Towards the end of the event, Star Ocean 5 producer Shuichi Kobayashi acknowledged that while the crowd was likely hoping for “one more piece of information” – Star Ocean 6, in other words – they wouldn’t get it that day, but asked them to keep playing the mobile game Star Ocean: Anamnesis, which was released in 2016 only in Japan.

“Please wait a little longer,” Kobayashi said, in remarks translated by Siliconera. “Rather, keep believing in it while playing Anamnesis. I’ll also do my best. I’ll do my best, and I’m sure all your support will be a huge strength for us.”

Certainly, I would want Square Enix to take its time with a potential new Star Ocean console game, given how terrible the last one, Star Ocean: Integrity and Faithlessness, turned out to be.

Still, it’s disappointing to see yet another once-great series – Star Ocean: Second Story on PS1 and Star Ocean: Till The End of Time on PS2 remain standouts in their respective console generations — be relegated to a free-to-play smartphone MMO that will probably never see the light of day outside of Japan. It’s a too-familiar story these days.

A month ago, Konami announced it was working on a new Castlevania. This one would be called Castlevania: Grimoire of Souls, an action game with co-op for up to four players.

It was a nice bit of news to get early this morning, except that it turned out the game was being developed for iOS, not Switch, PC, or any of the other modern consoles. Although the game is currently undergoing a closed beta in Japan, there’s no release date yet and no sign of whether it will ever come to Europe or North America.

While the series’ former lead producer Koji Igarashi is about to release a spiritual successor for consoles called on May 24, this is not the same as seeing Dracula and the gang return in a proper Castlevania game. Castlevania: Harmony of Despair, arguably the last in the series to fit that bill, turns eight years old this summer.

I Cry Every Time A Legendary JRPG Series Goes Mobile
In 2008, Capcom said it had no plans to bring back Breath of Fire. Then in 2016 it released Breath of Fire 6 on smartphones making many people who played it wish Capcom hadn’t changed its mind. (Screenshot: Capcom , Breath of Fire 6)

In 2008, Capcom said it had no plans to bring back Breath of Fire. Then in 2016 it released Breath of Fire 6 on smartphones making many people who played it wish Capcom hadn’t changed its mind. Screenshot: Capcom (Breath of Fire 6)
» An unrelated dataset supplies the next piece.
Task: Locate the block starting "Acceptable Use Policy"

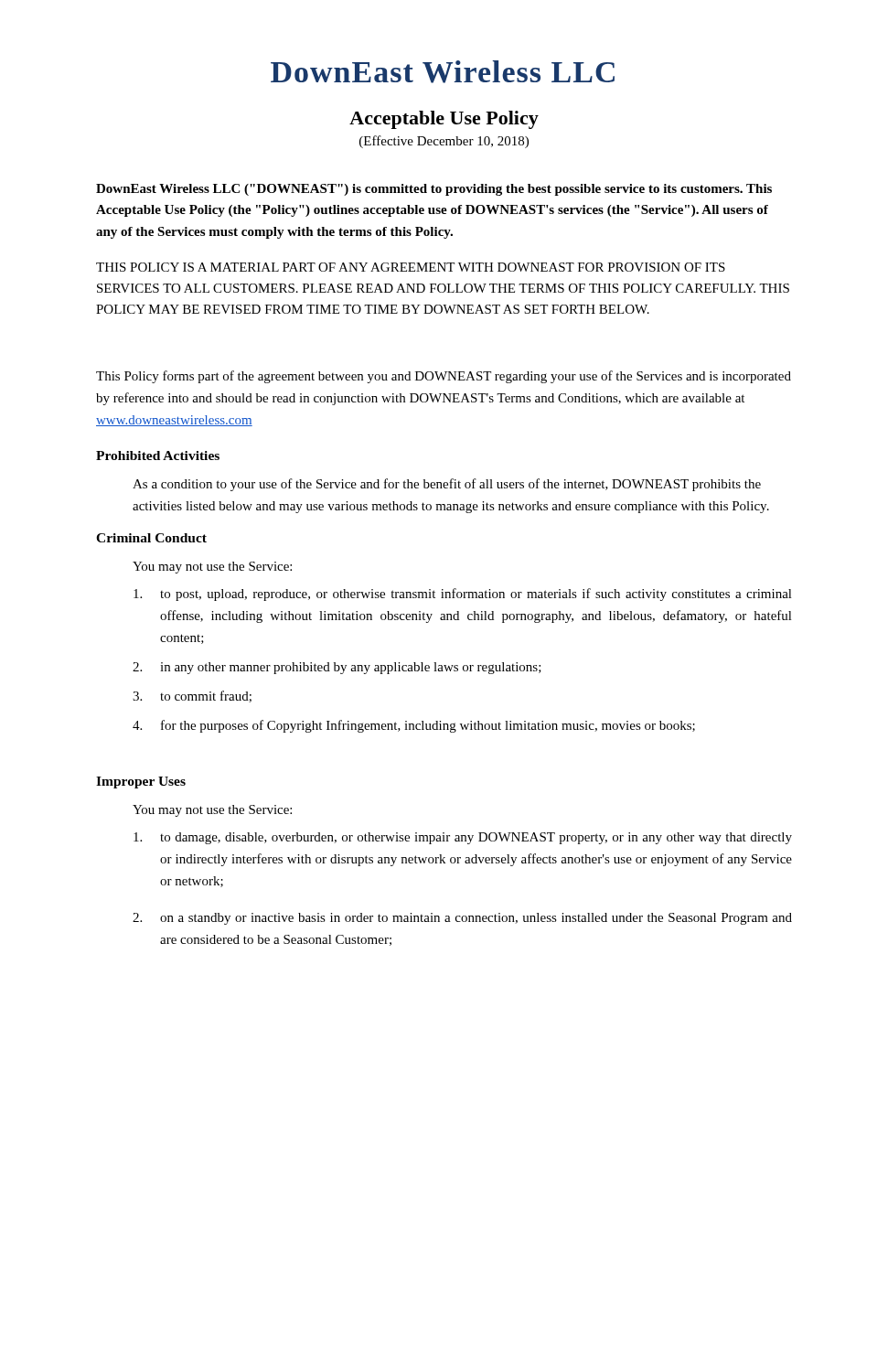Action: (x=444, y=118)

Wild Arms has laid dormant for even longer. The western-themed RPG series that helped defined the genre’s golden age on PlayStation 1 hasn’t had a proper follow-up since Wild Arms 5 on PlayStation 2 in 2007. In 2016 ForwardWorks, a mobile game studio of Sony’s, revealed Wild Arms: Million Memories last month for iOS and Android, which will release sometime later this year in Japan.

For someone who’s awaited the series’ triumphant return, or really any return at all, for over a decade, the news was bittersweet. I’m glad to see series producer Akifumi Kaneko is coming back to supervise the story for the new game, with ForwardWorks claiming it will stay true to the earlier games, but can’t get too excited given the platform and the lack of any existing plans to localise it. I want to play these games after all, not just hear about their review scores in Famitsu.
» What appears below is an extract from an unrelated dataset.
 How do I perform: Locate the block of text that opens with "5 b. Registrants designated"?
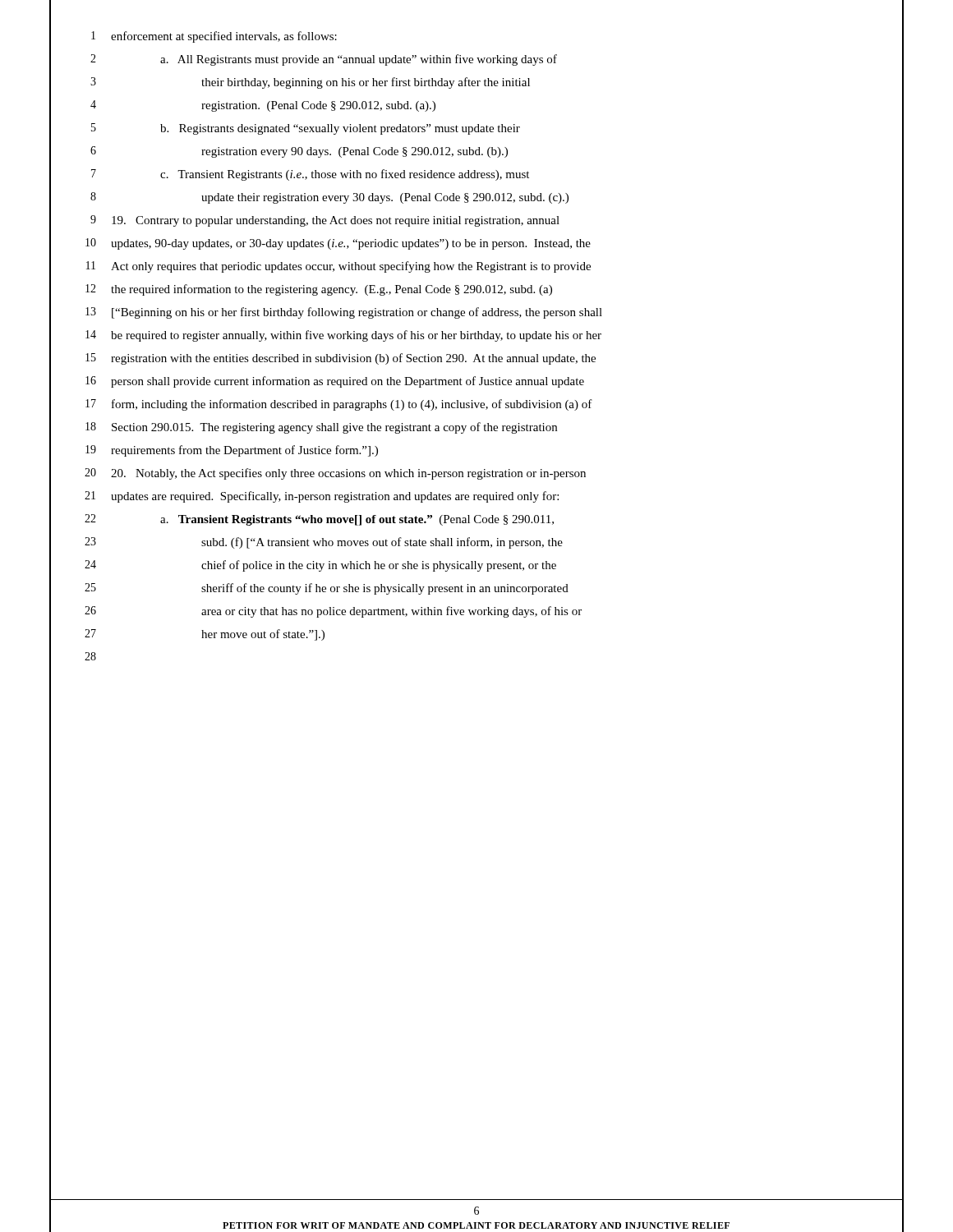476,128

It doesn’t always work as a low-stakes way for bringing classic series back either. Breath of Fire got the same treatment in 2016 with the mobile-only free-to-play MMO Breath of Fire 6. Rather than allow the series to live on in a modern form, the game tanked, with Japanese servers shutting down last fall. It was never released outside Japan, either.
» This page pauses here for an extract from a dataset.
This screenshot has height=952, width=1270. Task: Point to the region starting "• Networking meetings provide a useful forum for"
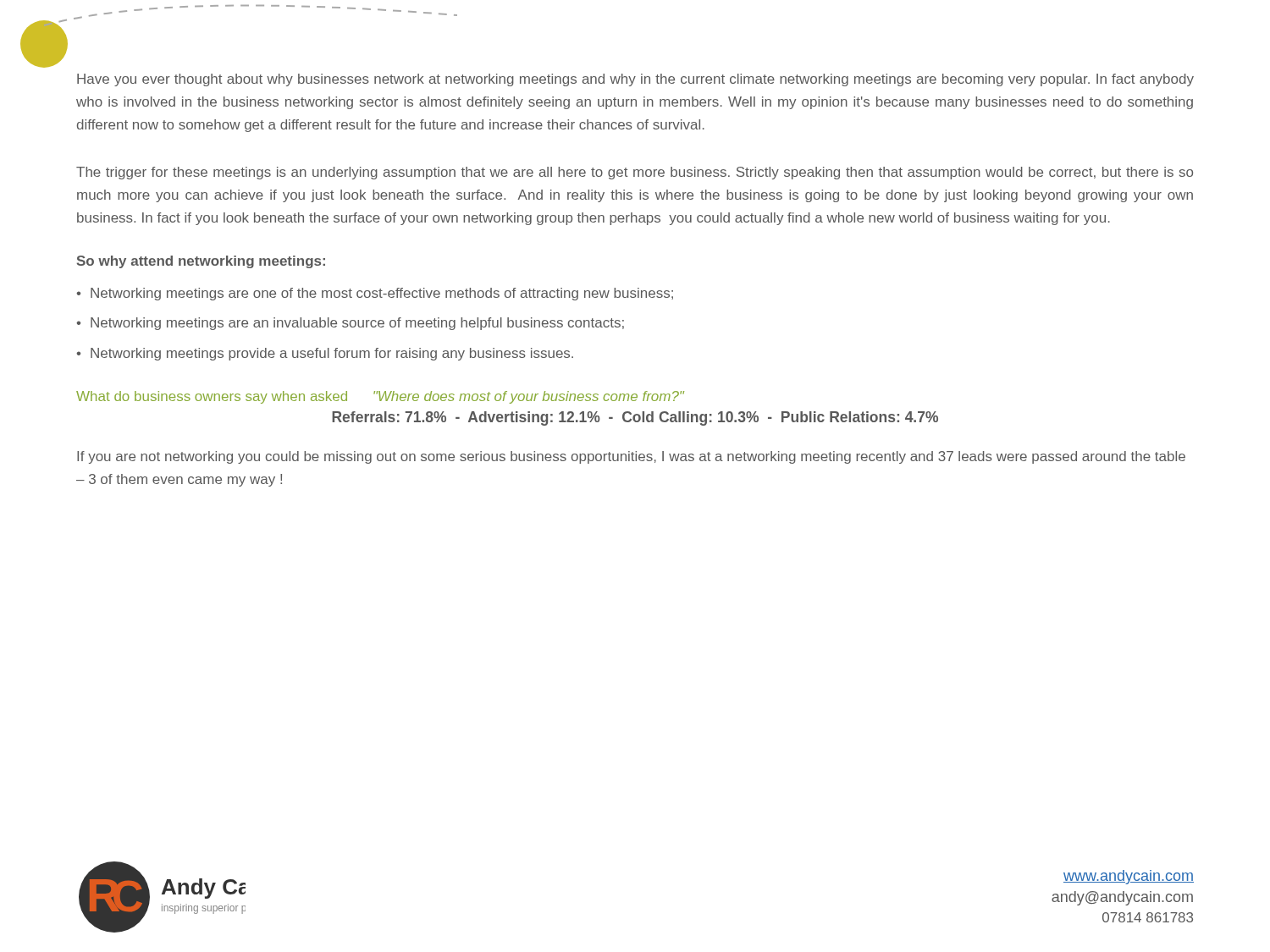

OK, so maybe a triple-A console game release isn’t in the cards for these series anymore. But I’d much rather see Breath of Fire, or Star Ocean, or even the Mana series get the SaGa: Scarlet Grace treatment instead. After a decade of only mobile entries in the SaGa series, this game first released on PlayStation Vita in 2016, with Switch, PS4, PC, and, yes, mobile ports coming this year and a North American version following sometime after.

It’s understandable that Square Enix and other companies are hesitant to invest in ambitious sequels when mobile games have become so lucrative, but Scarlet Grace proves there might be a happy medium to be found somewhere in between.

It would sure be better than another heavily monetized Final Fantasy mobile game or subpar Mana remake.